Individual raceways were stocked with 12,000 to 30,000 channel and hybrid catfish with average weights of 59.1 to 418.2 g, respectively. A total of 49,913 kg of catfish was harvested throughout an 8-month production season. An additional 6,365 kg of paddlefish and tilapia were harvested at the end of the study. The feed conversion ratio (FCR) for catfish ranged from 1.16 – 2.11 and mean survival was 83.7%. Catfish growth rates ranged from 1.1 to 2.2 g/fish/day. The results signify a high potential for efficient production of catfish along with other co-cultured species.
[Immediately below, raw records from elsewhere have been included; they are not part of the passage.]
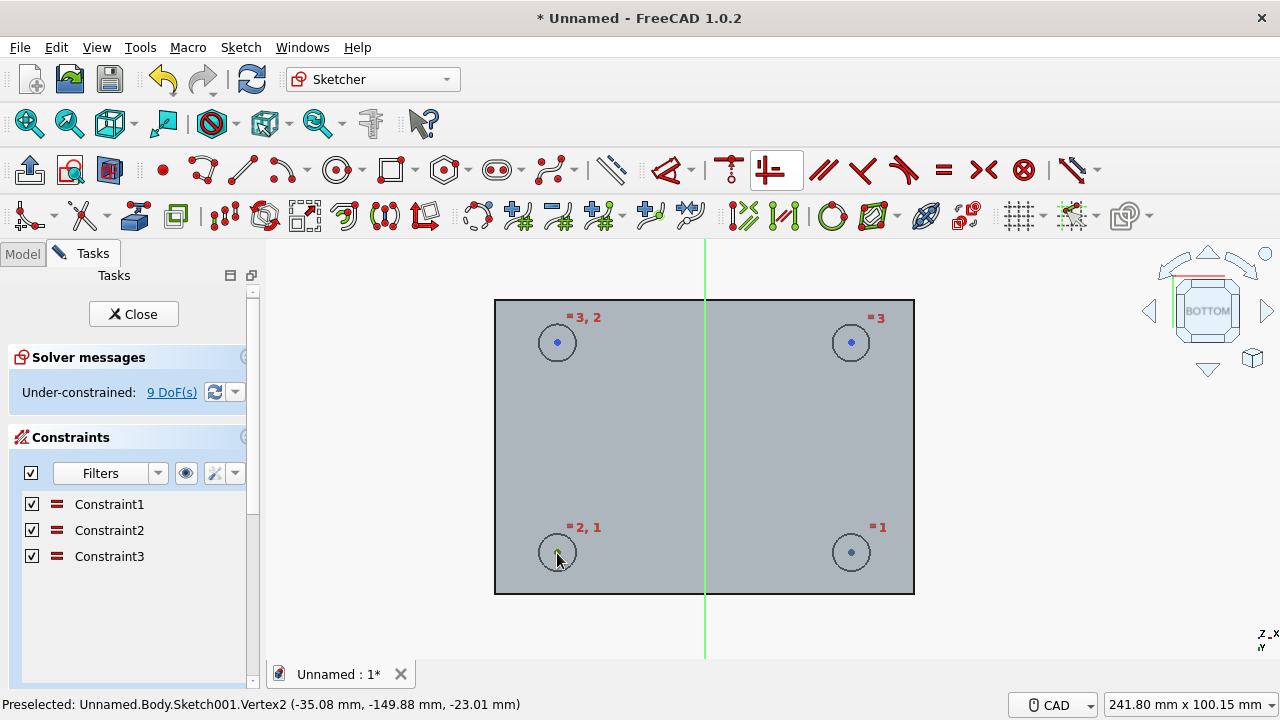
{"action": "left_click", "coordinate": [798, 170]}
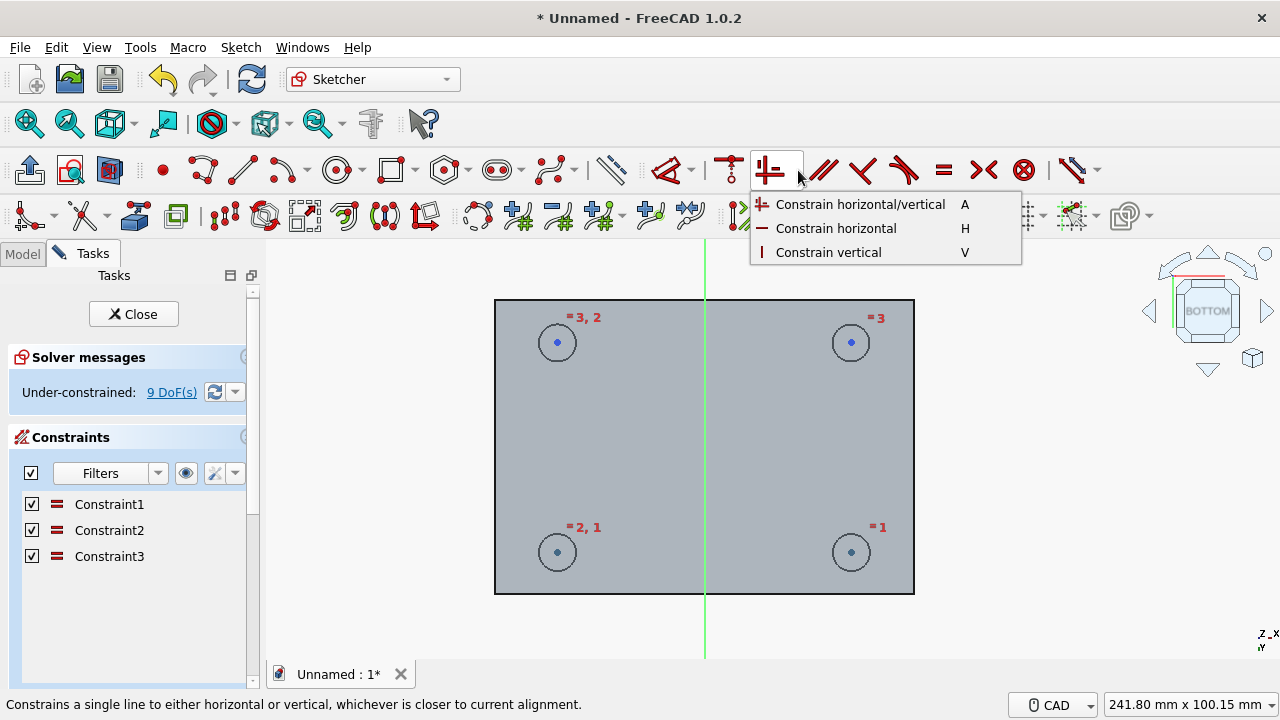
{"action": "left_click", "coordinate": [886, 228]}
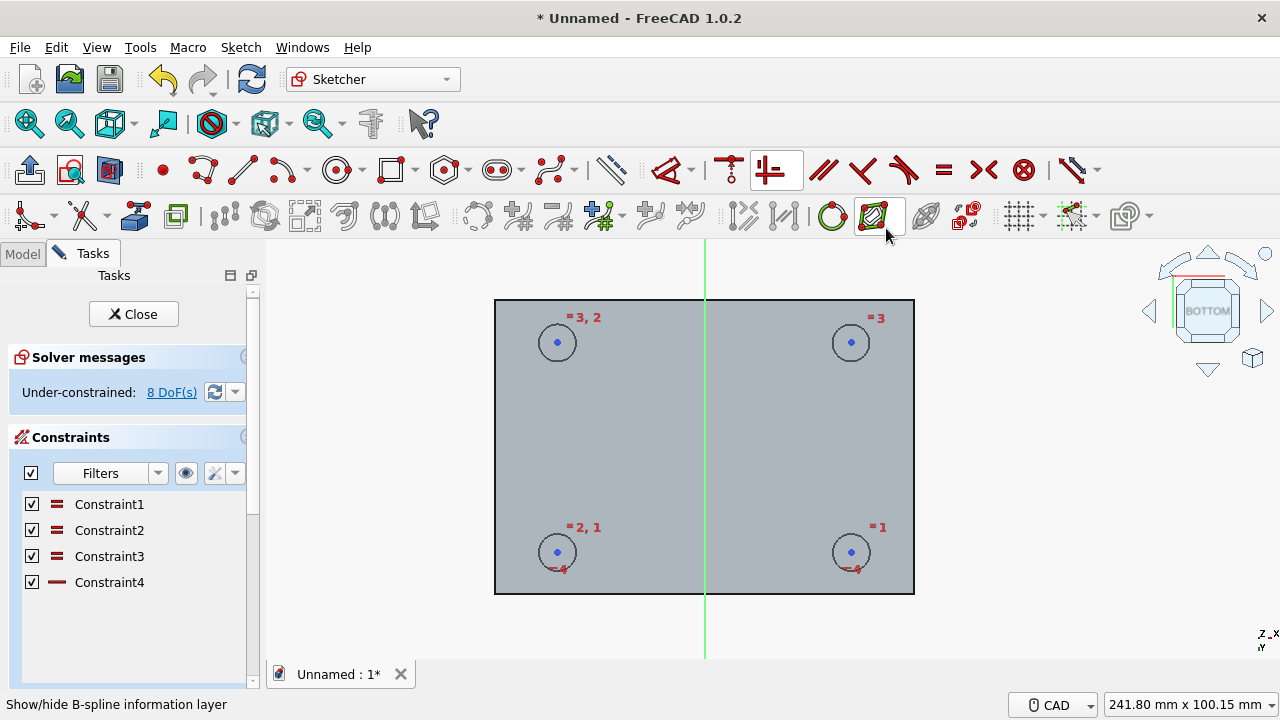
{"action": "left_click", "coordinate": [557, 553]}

Water, nitrogen, phosphorous, chemical oxygen demand (organic matter), and dissolved oxygen (DO) budgets were estimated over the fish production season for the IPRS. Even with the addition supply of water from rainfall and runoff, 70 cm of well water were applied to the pond to offset evaporation and seepage. For each 1.49 kg of feed fed to the fish, there was one kilogram of weight gain. However, 51.7 g of nitrogen, 13.4 g of phosphorous, and 0.41 kg of chemical oxygen demand (COD) were released into the environment. The catfish harvested accounted for 33.9 % of nitrogen, 13.1 % of phosphorous, and 28.3 % of organic matter (COD) that was applied as feed. Large amounts of nitrogen and organic matter were lost from the system, although there was significant accumulation in pond mud. Organic matter was consumed in respiration while nitrogen was lost through denitrification and ammonia volatilization. Phosphorous was harvested in fish and absorbed in pond mud. Diffusion and mechanical aeration assured proper DO levels for fish production because the total respiration exceeded the levels produced by photosynthesis.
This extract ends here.